BEIRUTE - Toda a mídia na Síria obedece ao regime. Poucos jornalistas estrangeiros recebem visto de entrada no país, por no máximo dez dias, e têm seus movimentos controlados por funcionários do Ministério da Informação. Nesse ambiente, o Observatório Sírio de Direitos Humanos, uma rede de 300 informantes espalhados por todo o país, é a grande fonte de informação da guerra civil.

Criado em meados de 2011, quando o regime sírio era o único autor de atrocidades, o Observatório surgiu como um meio de oposição ao governo, lembra Sami Haddad, representante da rede em Beirute. Na medida em que grupos rebeldes também passaram a violar os direitos humanos, a posição do Observatório se equilibrou e agora ele procura se manter isento. Hoje, é a principal fonte de informação das agências de notícias, da ONU e dos grupos de defesa de direitos humanos.

Seu grande trunfo, além da rede de 300 colaboradores, é seu protocolo de verificação. Para que uma morte seja informada, é preciso ter o nome, a data, o lugar e as circunstâncias. Com isso, o Observatório evita veicular boatos plantados, que são comuns em um conflito como o da Síria. As fontes dos colaboradores do Observatório são profissionais de saúde e moradores - incluindo eles próprios.

Os colaboradores são selecionados por Rami Abdul Rahman, um sírio de 42 anos, que deixou o país há 13 e mora em Coventry, na Inglaterra. A rede é resultado de contatos que ele cultiva desde a juventude, quando organizava protestos contra o governo. "Uma vez contratados, os ativistas ficam na rede, não são trocados", diz Haddad. "O principal critério não são as habilidades, mas a confiança." Na Inglaterra, Abdul Rahman é assessorado por advogados especialistas em direitos humanos.

Há cerca de um ano, governos da União Europeia passaram a doar dinheiro para o Observatório, que, no entanto, não lhes dá acesso à extensa documentação reunida diariamente, assegura Haddad. Essa ajuda permitiu a Rahman pagar - ainda que pequenas quantias - à maioria dos 300 colaboradores, e também adquirir telefones via satélite.

Ele critica a falta de seriedade de outras fontes de informações da guerra civil, como os Comitês de Coordenação Local e a Rede Síria de Direitos Humanos, que surgiu como dissidência do Observatório. "Eles exageram, não são objetivos", observa Haddad. Ele conta que, na manhã do massacre com armas químicas em Ghouta, dia 21 de agosto, ligou o computador às 7 horas. O ataque tinha acontecido às 6 horas e já se falava em 400 mortos, e a cada hora aumentava duas centenas: 600, 800, 1.000. "Pela minha experiência no Observatório, sei que não é possível documentar tantas mortes em tão pouco tempo."

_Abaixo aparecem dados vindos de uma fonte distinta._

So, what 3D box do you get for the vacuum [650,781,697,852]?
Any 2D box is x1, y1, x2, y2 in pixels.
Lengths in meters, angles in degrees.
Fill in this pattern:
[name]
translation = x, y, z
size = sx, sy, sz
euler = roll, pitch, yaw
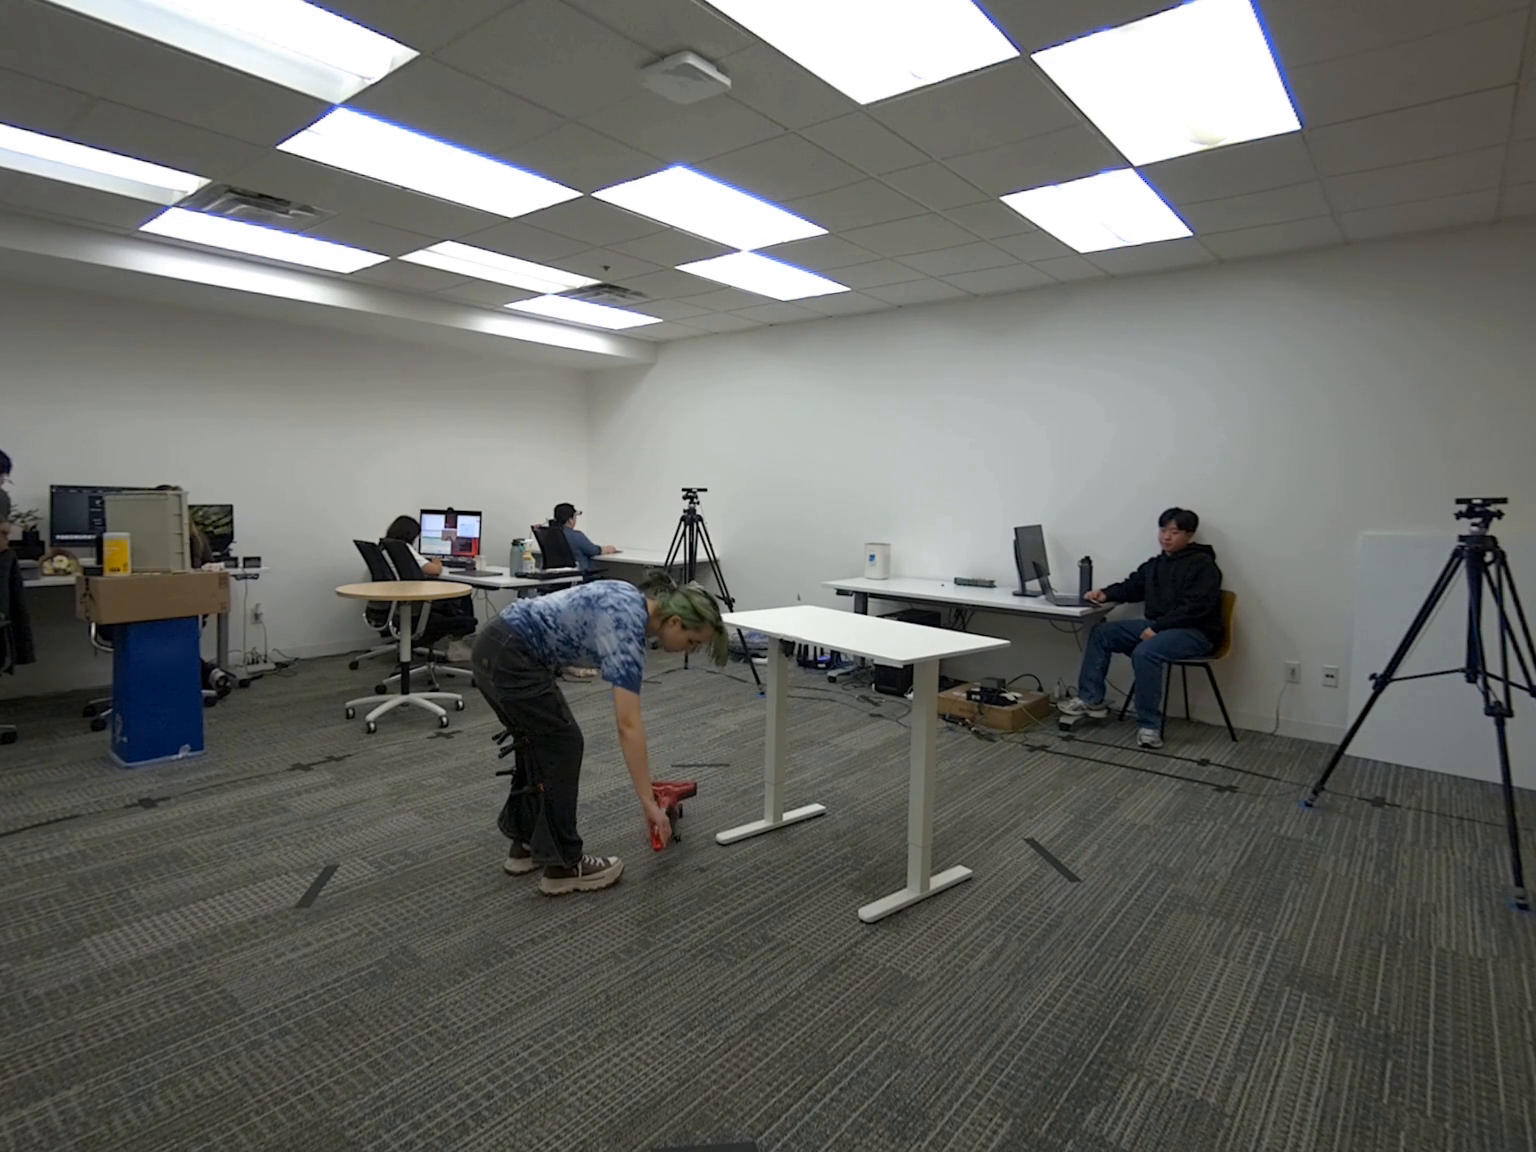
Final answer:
[vacuum]
translation = -0.400, 0.902, 3.125
size = 0.252, 0.145, 1.045
euler = 1, -5, -4

Aos 20 anos, Haddad estuda ciência política na Universidade Americana-Libanesa. Pensa em seguir carreira na área de defesa dos direitos humanos. Haddad, que é contra a guerra e diz que só pode haver solução política para o conflito na Síria, fica com os olhos marejados ao falar da situação do seu país. "Passo o dia inteiro transcrevendo relatórios e geralmente lido com as mortes como se fossem apenas números", diz ele. "Mas, de vez em quando, me dou conta de que estou lidando com pessoas." Todos os dias, o Observatório anuncia o total de mortos da véspera.

No dia que conversou com o Estado, houve 179 mortos. Foram registradas 110 mil mortes desde o início do conflito, segundo o dado da ONU - com base na contagem do Observatório.